What exactly is data processing, and what is information processing? Where does each apply, and which should be used for what? Is one better than another? These are some of the questions I’m going to try to answer for you in this article.
To begin with, information processing and data processing are primarily two different aspects of data science. To put it simply, Data processing deals with extraction information from raw material; information processing broadly applies to all information, but generally information implies data that has been processed.
Definitions of Data and Information
The definition of data and information can be fairly crossed at times. For example, some definitions of data include statistics and facts, which is true for structured or processed data. A more effective explanation comes from Wiki, “a set of qualitative or quantitative variables”, Wikipedia goes on to admit that data and information are often interchanged. It’s probably best said, that, the degree of ‘information‘ that can be obtained from a dataset will depend on its quality and form.
Data is probably best described from its Latin derivative, “thing”, an entity. Data could essentially be anything. However, data must contain some fact – a piece of information.
Information implies to “inform”, to pass on knowledge.
Data itself without connections may be meaningless, whereas information cannot be, it needs to have meaning. Information is not abstract, whereas data is.
Data is a fact, information is a fact about something or someone.
Data processing applies procedures to raw data to turn it into information. Data sets may be just figures, text excerpts, actions, which alone do not tell us anything. These pieces need to be correlated into information through finding connections in sets. This is the function of data processing.
Data processing collects, stores, cleans, transforms, and presents information from data sets in a valid way.
Without data processing, typically a data set cannot be very useful. Let’s take a quick look at how data processing makes a data set useful.
Data Processing, from Raw to Information
Raw data is primarily “unclean”. That is, it contains many errors, so first it needs to have errors removed, a term called cleaning. Without cleaning many erroneous correlations can be drawn.
For data processing on any platform, the data needs to be in the same format so that comparative data sets can be processed together. This may involve converting file types, rearranging, and reassigning data values, or converting units.

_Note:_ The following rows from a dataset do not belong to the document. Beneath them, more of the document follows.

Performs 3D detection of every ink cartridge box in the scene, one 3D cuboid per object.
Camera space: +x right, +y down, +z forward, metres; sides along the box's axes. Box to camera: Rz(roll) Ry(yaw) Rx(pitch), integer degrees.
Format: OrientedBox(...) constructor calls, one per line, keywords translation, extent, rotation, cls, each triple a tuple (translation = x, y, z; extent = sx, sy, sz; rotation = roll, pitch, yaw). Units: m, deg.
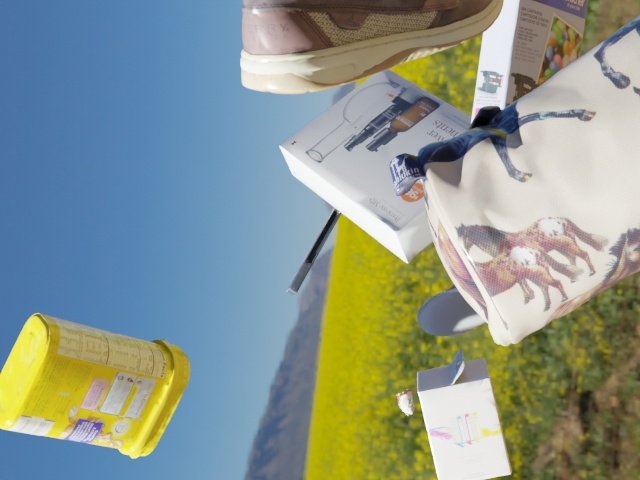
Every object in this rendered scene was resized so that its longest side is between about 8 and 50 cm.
OrientedBox(translation=(0.173, 0.214, 1.202), extent=(0.092, 0.089, 0.143), rotation=(-61, -43, -81), cls="ink cartridge box")
OrientedBox(translation=(0.304, -0.267, 1.399), extent=(0.185, 0.065, 0.311), rotation=(1, -84, -46), cls="ink cartridge box")

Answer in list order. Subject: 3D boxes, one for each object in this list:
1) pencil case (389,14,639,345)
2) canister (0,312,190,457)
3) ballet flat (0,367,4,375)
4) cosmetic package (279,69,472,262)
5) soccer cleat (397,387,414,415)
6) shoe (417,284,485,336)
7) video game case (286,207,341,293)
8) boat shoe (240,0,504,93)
OrientedBox(translation=(0.258, -0.099, 0.702), extent=(0.160, 0.410, 0.184), rotation=(38, -157, -57), cls="pencil case")
OrientedBox(translation=(-0.236, 0.150, 1.008), extent=(0.073, 0.170, 0.126), rotation=(35, 100, 49), cls="canister")
OrientedBox(translation=(-0.631, 0.264, 1.893), extent=(0.073, 0.232, 0.080), rotation=(-66, -11, 18), cls="ballet flat")
OrientedBox(translation=(0.142, -0.157, 1.868), extent=(0.284, 0.377, 0.097), rotation=(-40, -43, -12), cls="cosmetic package")
OrientedBox(translation=(0.149, 0.278, 1.668), extent=(0.036, 0.029, 0.083), rotation=(59, 169, 20), cls="soccer cleat")
OrientedBox(translation=(0.216, 0.072, 1.334), extent=(0.063, 0.178, 0.081), rotation=(63, -170, -11), cls="shoe")
OrientedBox(translation=(0.000, 0.000, 2.221), extent=(0.274, 0.026, 0.196), rotation=(-61, 1, -6), cls="video game case")
OrientedBox(translation=(0.048, -0.189, 0.735), extent=(0.285, 0.102, 0.092), rotation=(-30, -53, -39), cls="boat shoe")
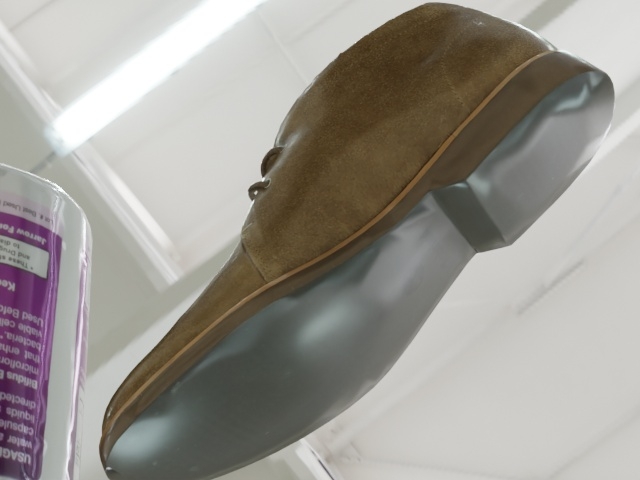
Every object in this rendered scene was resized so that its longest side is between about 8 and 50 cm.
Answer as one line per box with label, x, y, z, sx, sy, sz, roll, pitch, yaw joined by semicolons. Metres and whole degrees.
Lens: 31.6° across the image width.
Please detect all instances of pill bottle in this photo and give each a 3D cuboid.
pill bottle;-0.231;0.114;0.693;0.169;0.169;0.301;-8;-121;9

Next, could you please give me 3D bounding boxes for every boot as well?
boot;0.000;0.000;0.571;0.305;0.112;0.115;-42;-124;-6

To provide meaningful information data sets need a range of functions which may include separating, sorting, and re-summarizing or aggregation. Important relationships need to be identified, similar items grouped, some data sets will need to be broken down into variables, and some data sets combined to provide larger data sets. The final product is then presented as information.
Information processing takes information and changes the form in order usually to define more meaning from it. In this sense, information processing has much more in common with data analytics than data processing.
Information processing concepts have their origin in psychology, which considers all observations as information. However, although only observation, there is still a meaning behind it, and it’s not raw data.
Thefreedictionary.com defines information processing as “the sciences concerned with gathering, manipulating, storing, retrieving, and classifying recorded information“. Many of the steps of data processing are the same in information processing, however the medium is different.
Wikipedia provides a more vague whilst also more definitive description, processing – a change in, information – an observable event or entity which provides some form of the answer to a question.
Information processing is a much broader term than data processing. It can mean for example changing (processing) a document (information) from screen to print, or the process of receiving a message. It can simply mean analyzing the world around us to draw conclusions. The important part is there is information: valid input, a change in that information, and a resulting question answered or conclusion drawn.
Information processing in computer terms refers to the use of algorithms to transform data. This is essentially the underlying or defining activity of computers, which is why computer sciences were initially defined as IT – information technology. Computers are information processors, however they do not do the information processing, they are a processing tool manipulated by their human user. An operator puts information in, then applies processing to it via the computer.
There are many parallels with information and data analytics. Data analytics is the stage of drawing conclusions from the information provided by data processing and also uses algorithms. Data analytics can be seen as another stage in data processing functions to provide more information for end users in decision-making capacities.
Psychology sees information processing as a primarily human function, and search for the term leads to many psychology definitions, however, especially with machine learning, this may not be strictly the case anymore. Excluding abstract applications, information processing is a science that needs reasoning, whether by AI or by humans.
Psychology can give us a clue to the fact that information processing is more of a higher cognitive skill than data processing, which is largely a matter of applying programs and repetitive techniques to data sets to look for patterns. That is data processing can often be automated by standard machine technology and computing, but from this standpoint, information technology can only be automated by machine learning. It requires higher thinking.
Data processing creates information. Information processing creates actions or decisions. While one can argue that all data is information or all information is data, this explanation gives a more practical application of the distinction from the discussion above.
A data processing function is meant to take raw data and turn it into meaningful information. Data analytics is a step that connects data processing to information processing, by extracting conclusions from processed data sets. From there information processing takes over.
Information processing is highly cognitive and usually needs to be conducted by a human or by artificial intelligence.
Without data processing, information processing is not possible. Without information processing, data processing has no purpose. The two are integrally linked.
If you are in the business of refining raw data, data processing is your tool. If you are on the decision and communications end, you need information processing. They are different steps in the overall process of fact-based technology.